* **Stored items from a collection**:

.....

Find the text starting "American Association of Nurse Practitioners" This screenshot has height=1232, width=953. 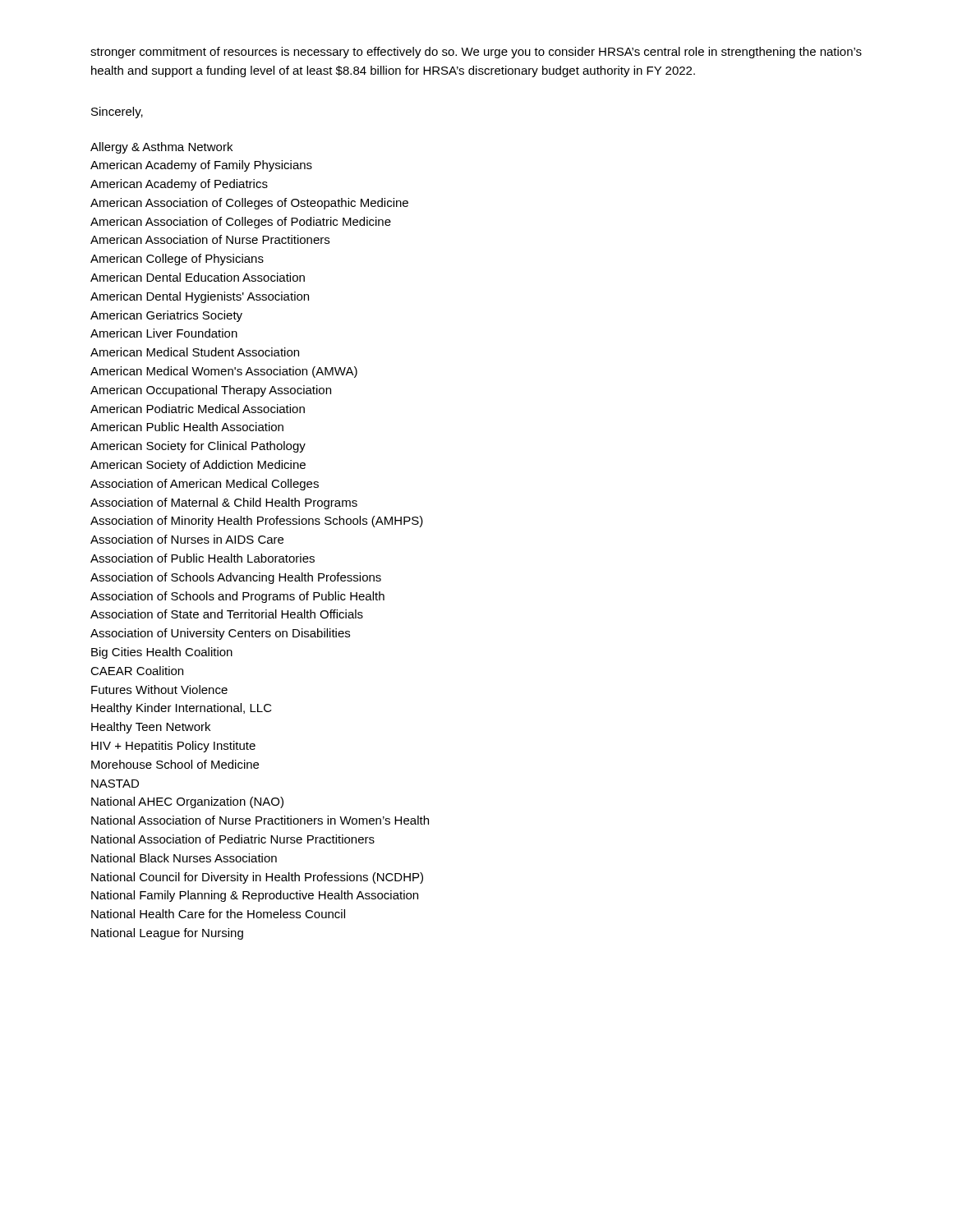click(x=210, y=240)
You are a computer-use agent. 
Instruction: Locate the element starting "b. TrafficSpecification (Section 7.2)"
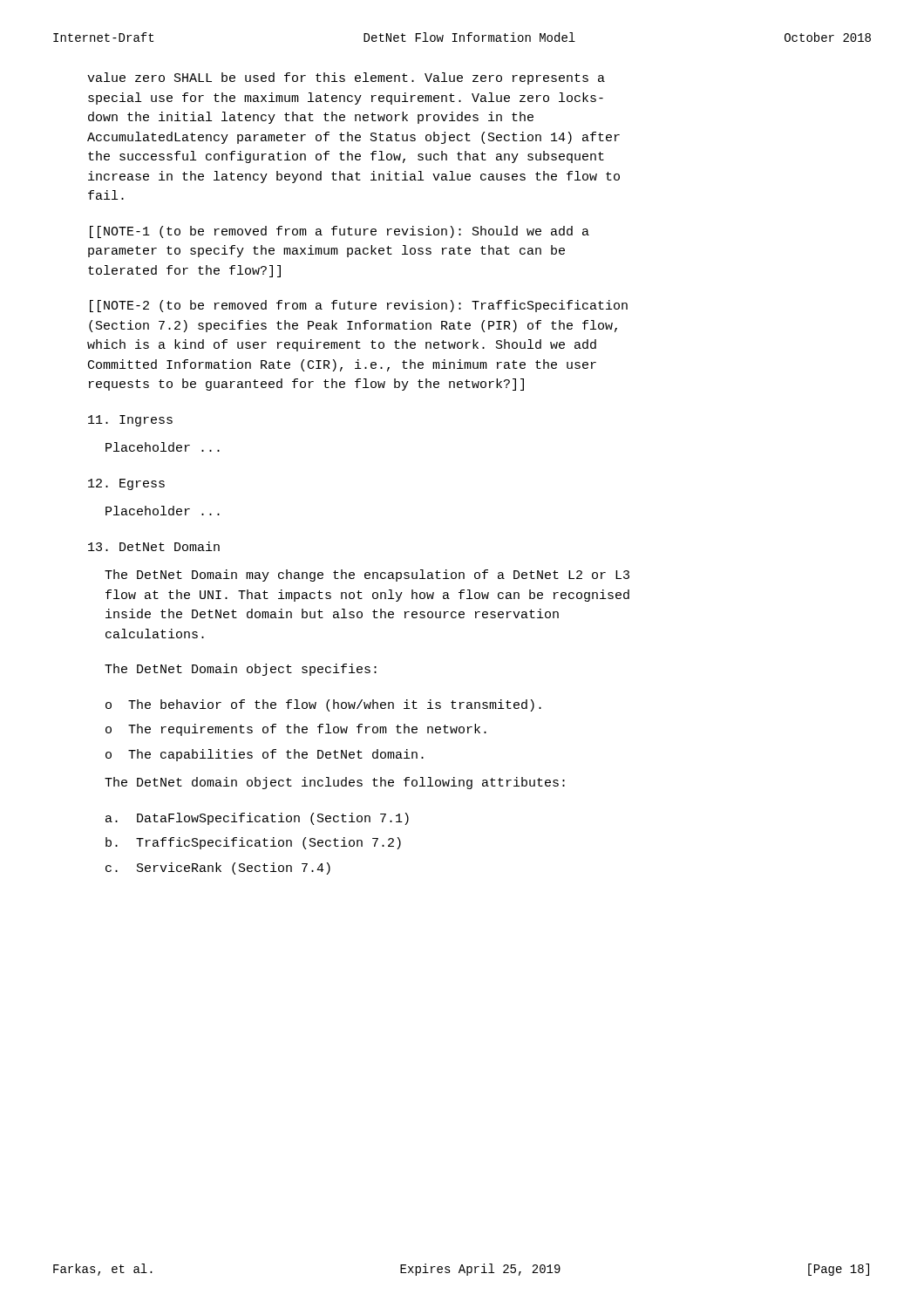click(x=254, y=844)
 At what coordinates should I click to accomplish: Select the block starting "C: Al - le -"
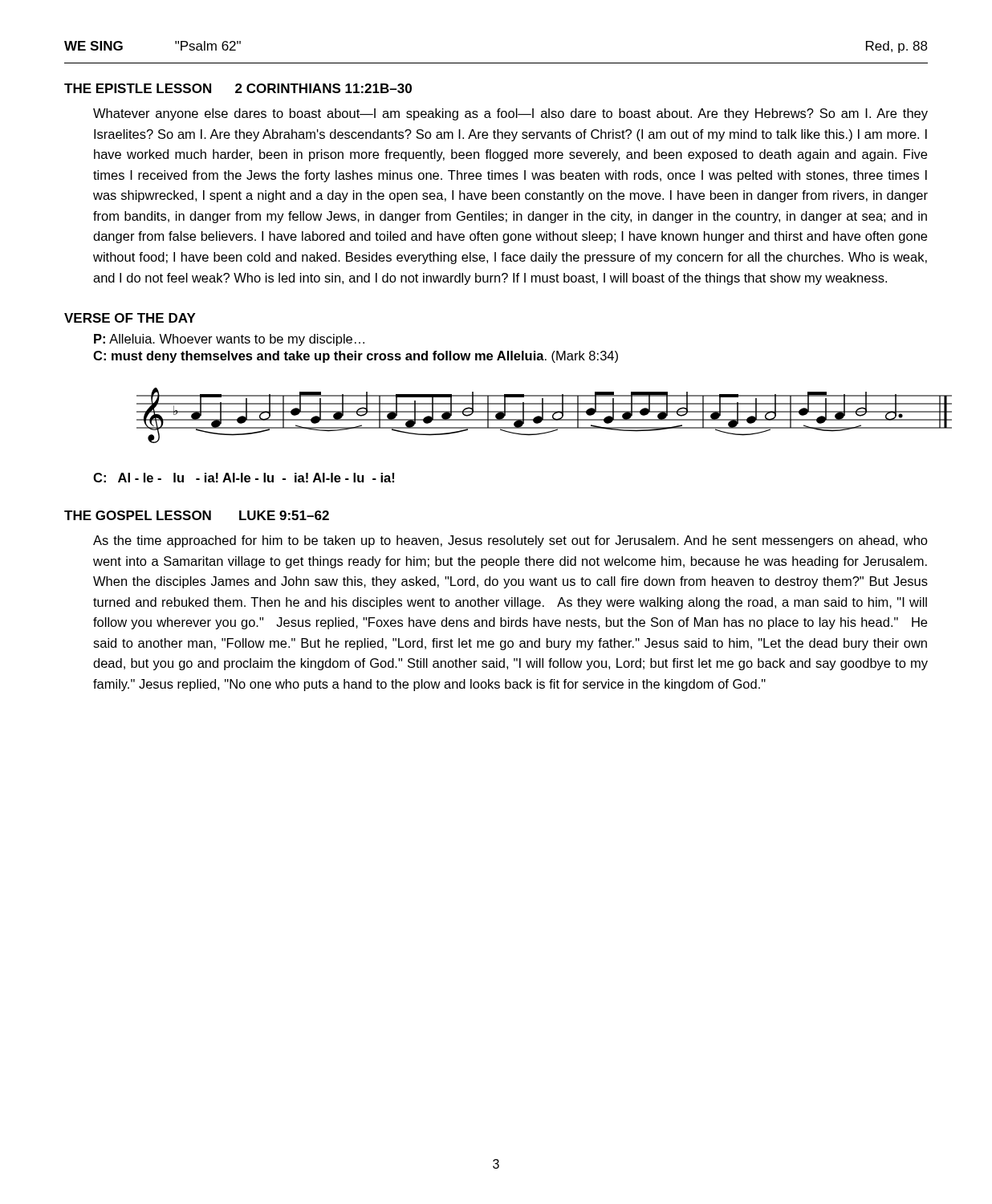pos(244,478)

.....

* **EXERCISE INSTRUCTIONS**: Go to the line that contains "You are a computer-use agent." and copy it and every line after it through the end of the entries, exactly, without the pictures.

* **RESULT OF THIS TASK**:
You are a computer-use agent. 
Instruction: Locate the element starting "b. TrafficSpecification (Section 7.2)"
click(x=254, y=844)
 At what coordinates should I click to accomplish: Select the block starting "C: Al - le -"
pos(244,478)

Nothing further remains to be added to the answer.